Ce miracle est insolite, pour trois raisons :
- Il ne s'agit pas de soulager la souffrance d'autrui par une guérison ou de délivrance, ni d'un
acte d'autorité de Jésus face à des éléments menaçants. Ici, Jésus accomplit un miracle pour lui-
même, pour s'acquitter de son impôt.
- Ce miracle ne semblait pas s'imposer. La somme nécessaire était modeste, et il y avait
d'autres moyens plus ordinaires pour se procurer l'argent nécessaire.
- Il ne nous est pas dit que Pierre est allé, qu'il a péché un poisson et trouvé la pièce.
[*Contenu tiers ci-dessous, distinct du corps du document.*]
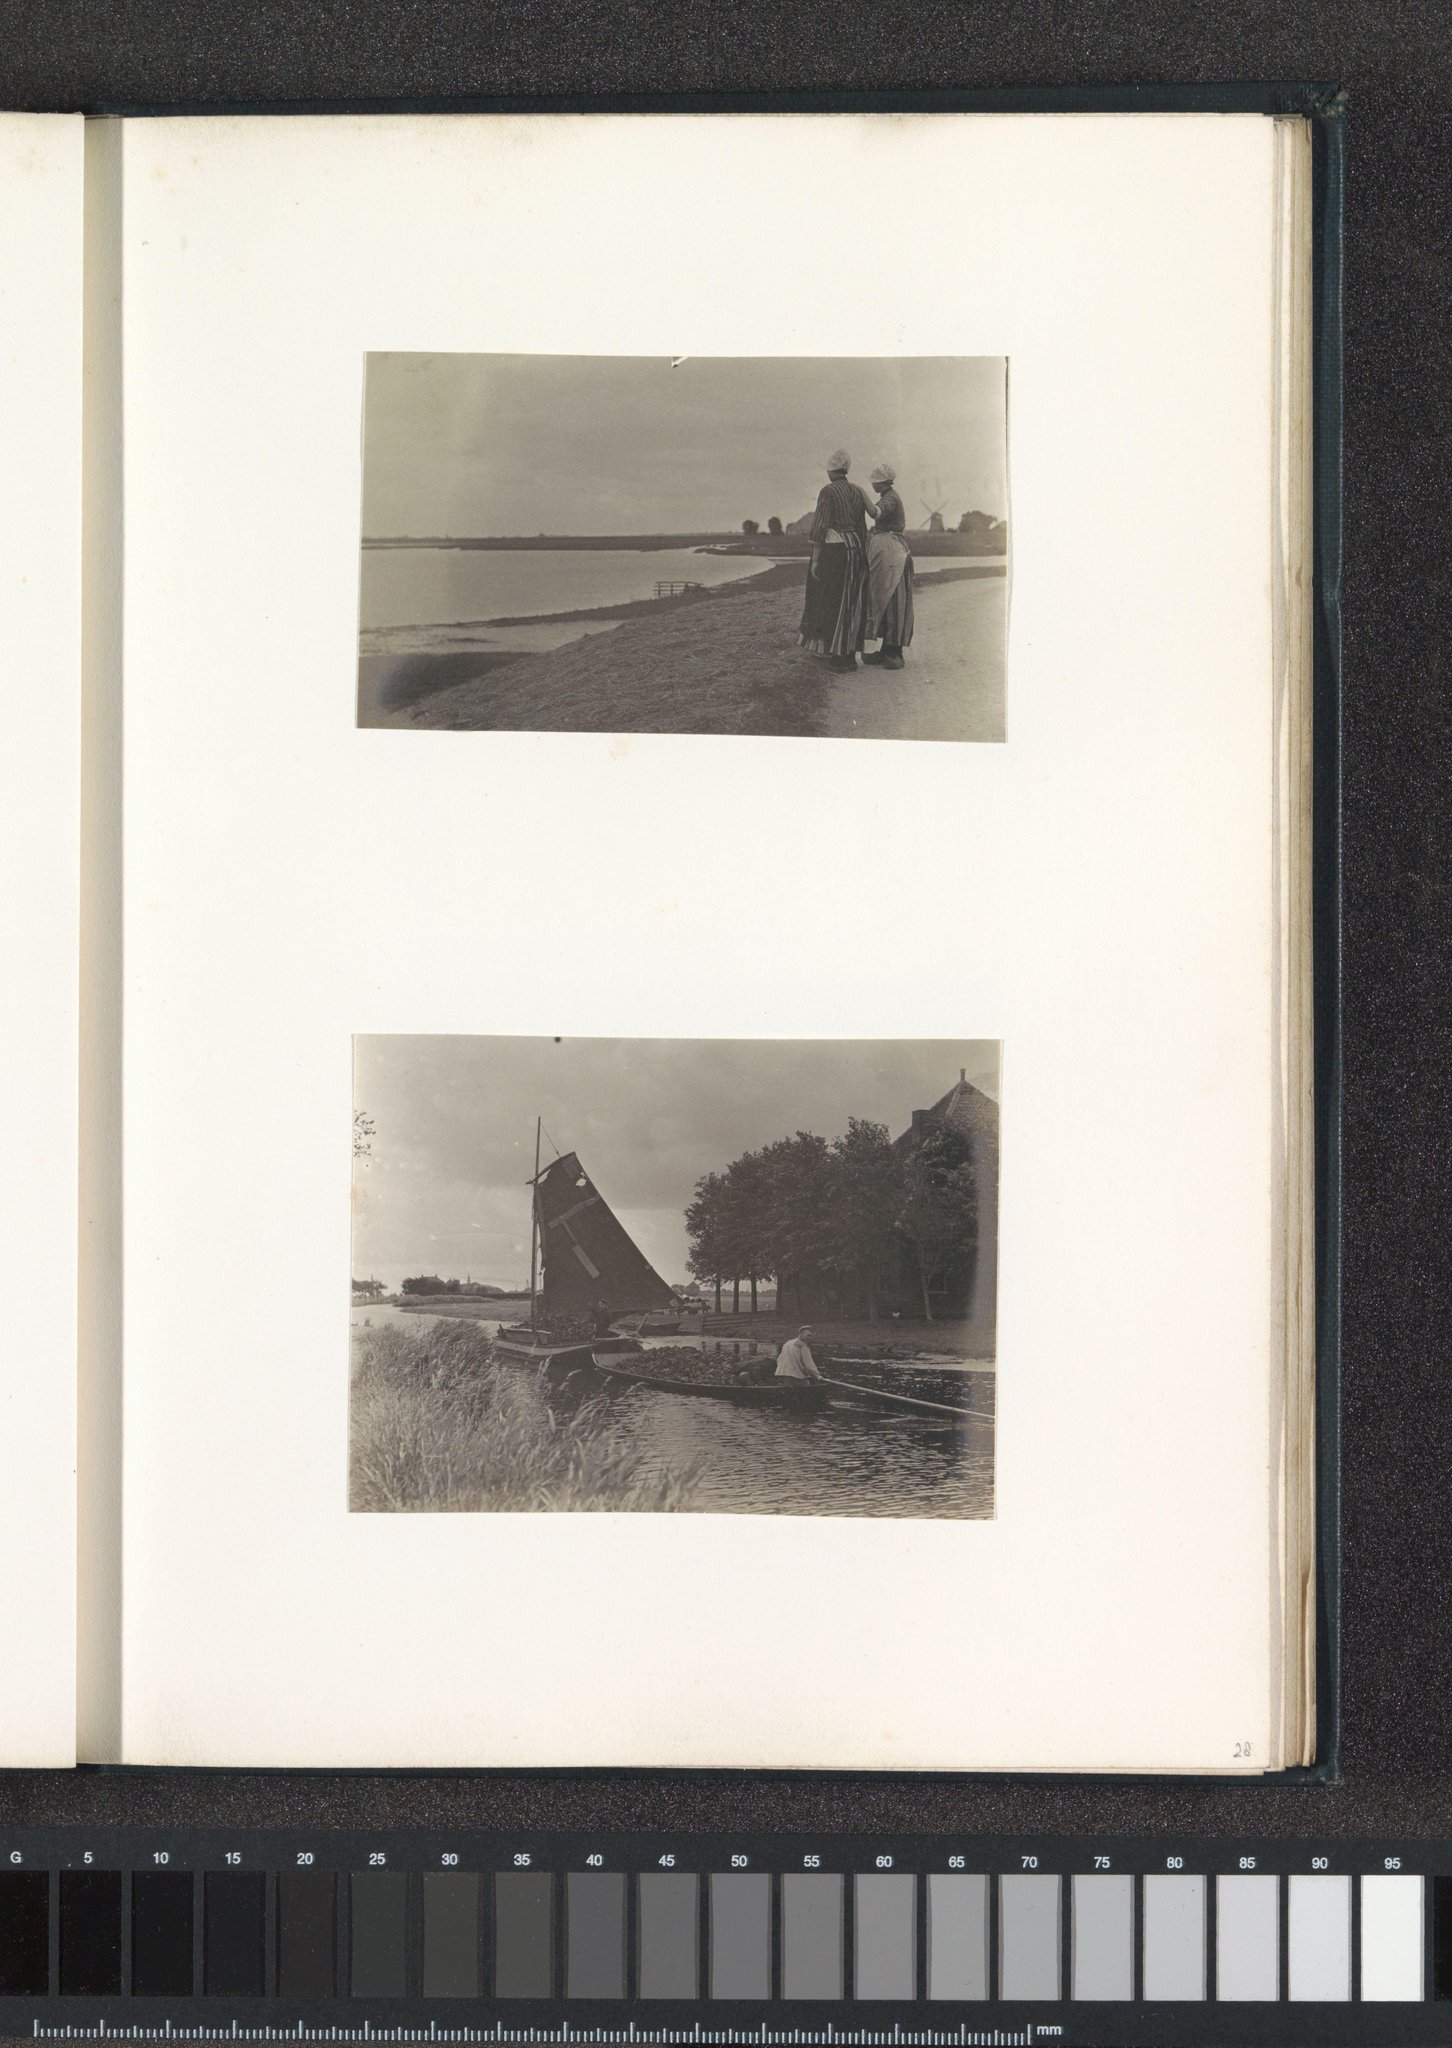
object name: photograph
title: Twee vrouwen in Volendamse klederdracht staand op een dijk
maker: george hidderley
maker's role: fotograaf
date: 1900-1910
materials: paper, photographic support
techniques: gelatin silver print
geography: volendam
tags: folk costume, regional costume (+ women's clothes), dikes, levee
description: Onderdeel van fotoalbum met opnames van Volendam, Dordrecht, Gorinchem en Woudrichem.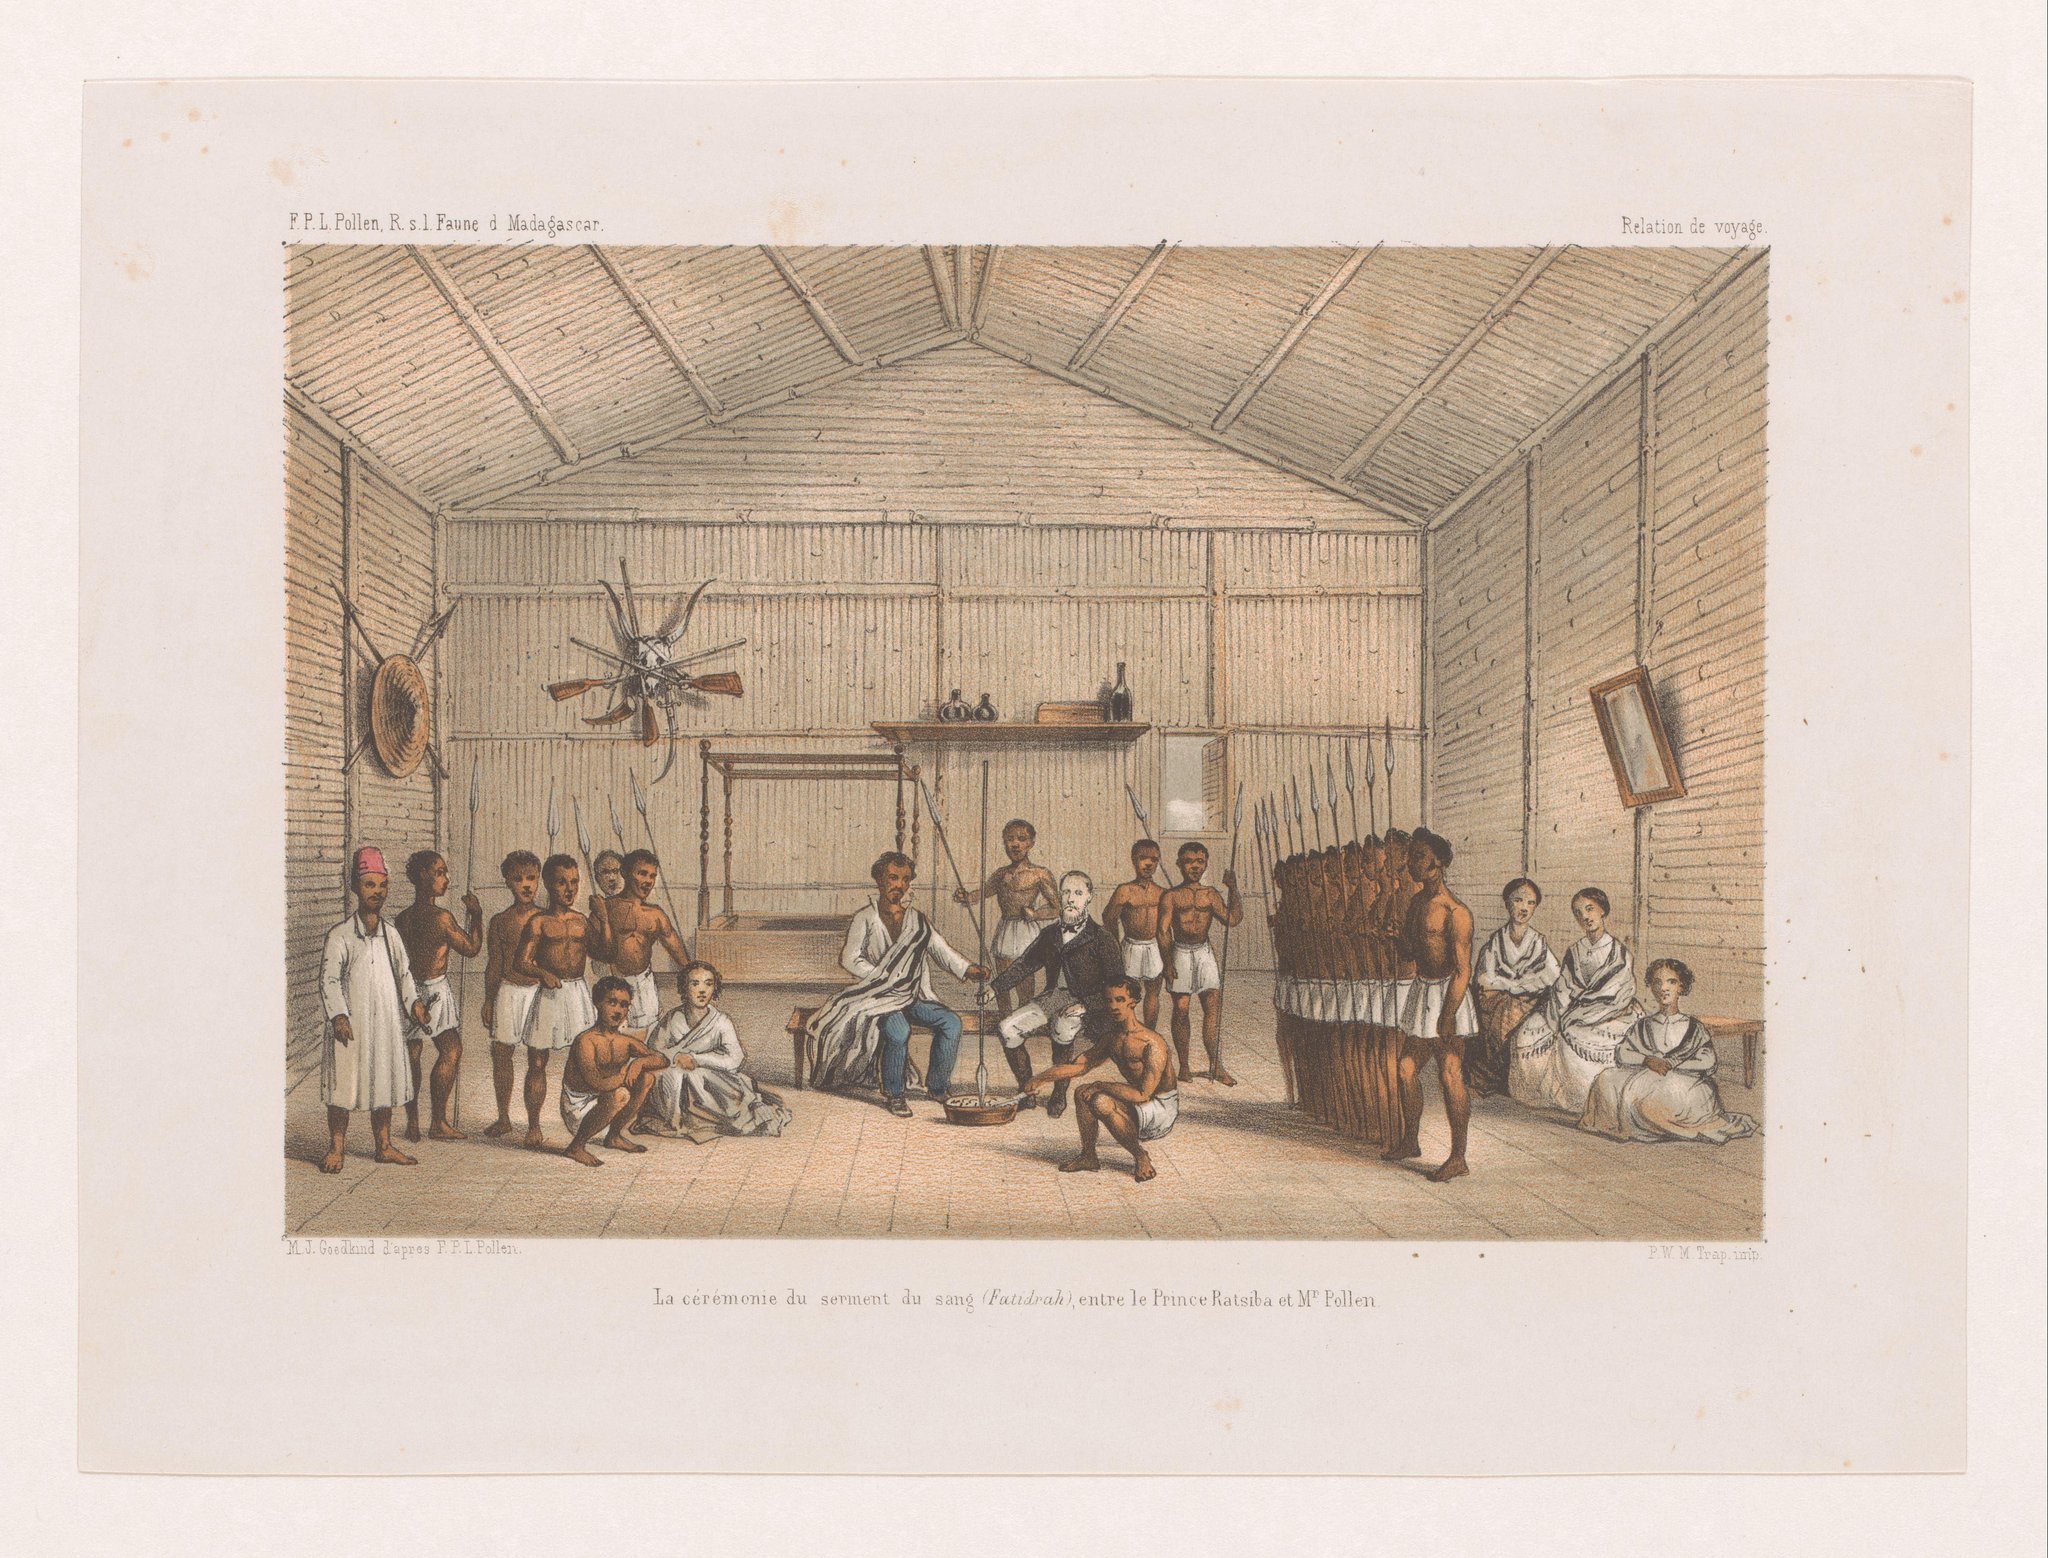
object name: book illustration
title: La cérémonie du serment du sang (Fatidrah), entre le Prince Ratsiba et Mr. Pollen
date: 1868-1877
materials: paper
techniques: hand coloring
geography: amsterdam
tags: françois p.l. pollen, ritual practices ~ non-christian religions, casting weapons: spear
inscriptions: collector's mark: Lugt 2228, collector's mark: Lugt 2760
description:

C'est le
seul miracle de Jésus qui n'est pas explicite.
Pour ces raisons, plusieurs commentateurs ont affirmé que les paroles de Jésus n'étaient qu'une
façon imagée de parler et qu'il n'y a pas vraiment eu de miracle.
Mais puisque le texte ne livre aucun élément contraire, il est juste de croire que tout s'est passé
comme Jésus l'a dit, et que Pierre a effectivement trouvé le montant exact de l'impôt dans la
bouche du premier poisson péché ce jour-là.
Nous pouvons constater que Dieu n'est jamais à court lorsqu'il s'agit de pourvoir au nécessaire. Ce
récit nous rappelle que tout ce que nous pouvons offrir nous vient de Dieu.
Jésus montre qu'il s'est fait Serviteur en s'acquittant de l'impôt, et, par la manière dont il le fait, il
montre en même temps qu'il est le Seigneur. Cet événement révèle à la fois son humilité et sa
divinité.
Conclusion
Je suis convaincu que nous sommes à notre tour invités à montrer aux autres une image faite à la
fois de grandeur et d'humilité, à l'exemple de Jésus. D'ailleurs, la vraie grandeur rend humble. La
véritable humilité donne de la grandeur. Bien sûr, la grandeur dont je parle n'est pas vraiment la
nôtre, mais celle du Seigneur qui se révèle en nous et au travers de nous.
Nous sommes invités à renoncer à nous-mêmes pour nous faire les serviteurs des autres. Mais nous
sommes invités aussi, au travers de notre écoute de Dieu, de notre foi et de notre obéissance, à
monter au monde combien notre Dieu est grand.
Et comme dans ce texte, l'humilité et la grandeur se manifestent aussi à propos des offrandes de
toute nature que nous apportons au Seigneur.